Been using Trapguards since they have been code approved. The original design I used was a nightmare due to a spring and flapper. The Trapguard brand has given no issue what so ever. I would recommend putting them in on trim, or protecting them in hub drains till all the other trades are done.


----------



## Titan Plumbing

As much as we are to be concerned with direct cross connections...there is none better than a trap primer. Always made me wonder if the folks in charge really cared, I would rather have a dry trap than a cross connection. However, with the advent of the tailpiece connections and the trap guards...problem solved.

I use trap guards exclusively and have had zero problems with them drying out, but like was said the original design were horrible.


----------



## markb

Titan Plumbing said:


> As much as we are to be concerned with direct cross connections...there is none better than a trap primer. Always made me wonder if the folks in charge really cared, I would rather have a dry trap than a cross connection. However, with the advent of the tailpiece connections and the trap guards...problem solved.
> 
> I use trap guards exclusively and have had zero problems with them drying out, but like was said the original design were horrible.


What was your experience like with tail-piece connections ? Did they work?


----------



## ianclapham

we have had the same idea of the trap guard over here for years, called the hepvO 









it has a bladder inside the same as the trap guard









you can use these horizontally or vertically and removes the need for a 'p' trap


----------



## Titan Plumbing

markb said:


> What was your experience like with tail-piece connections ? Did they work?


Yes, they are actually real good. The ones I used had a little scoop that picked up the water and sent it to the trap.


----------



## markb

Titan Plumbing said:


> Yes, they are actually real good. The ones I used had a little scoop that picked up the water and sent it to the trap.


What would happen if someone decided to throw a piece of wet toilet paper into the sink. Do you think it would be possible for it to clog the 1/2" TSP?


----------



## Titan Plumbing

markb said:


> What would happen if someone decided to throw a piece of wet toilet paper into the sink. Do you think it would be possible for it to clog the 1/2" TSP?

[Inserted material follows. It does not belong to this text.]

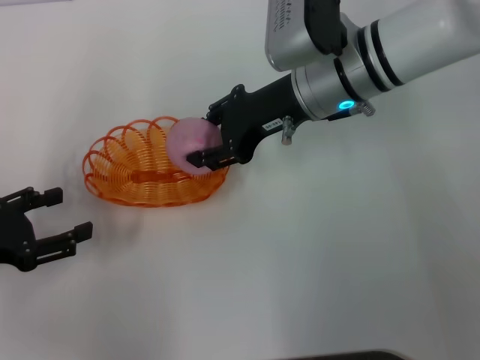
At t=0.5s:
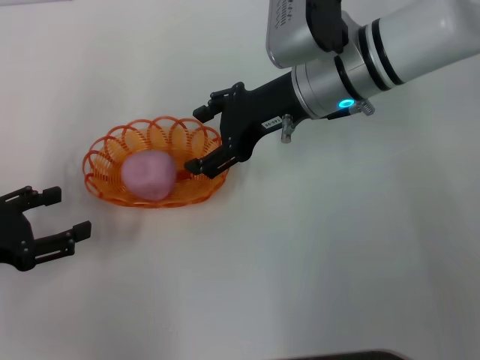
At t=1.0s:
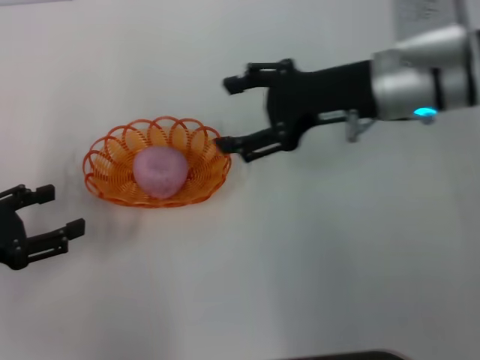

Yes, no different than hair or anything else.


----------



## DIZ

Use as an AAV?? ME thinks not


----------



## d78coots

for my own knowledge, which code has approved trap guards? i have installed them before and think of them as very economical. Has anyone run into any problems with them not being an "automatic" means of keeping the trap seal?

as for inverted wyes on the tailpiece, i and others have had no problems with them, especially if placed on lavatories.


----------



## 6th Density

markb said:


> What would happen if someone decided to throw a piece of wet toilet paper into the sink. Do you think it would be possible for it to clog the 1/2" TSP?


That's why our county and city AHJ started banning them 2 years ago for potential of clogging. 

They won't allow trap guards... yet:whistling2:.

We work a lot of military bases around here. We've been getting away with their AHJ by either using deep seal traps (add an extra 3 inches with a coupling on the ptrap street 90) and/or trap guards.


----------



## 6th Density

Thanks for the pics Ian. I find it fascinating to see other countries plumbing ideology.


----------



## rombo

If i need to hook up a few trap seals I will try to use a lav, K.S or L.T. But if there are multiple traps I.E restaurant there is only one way i will do it. 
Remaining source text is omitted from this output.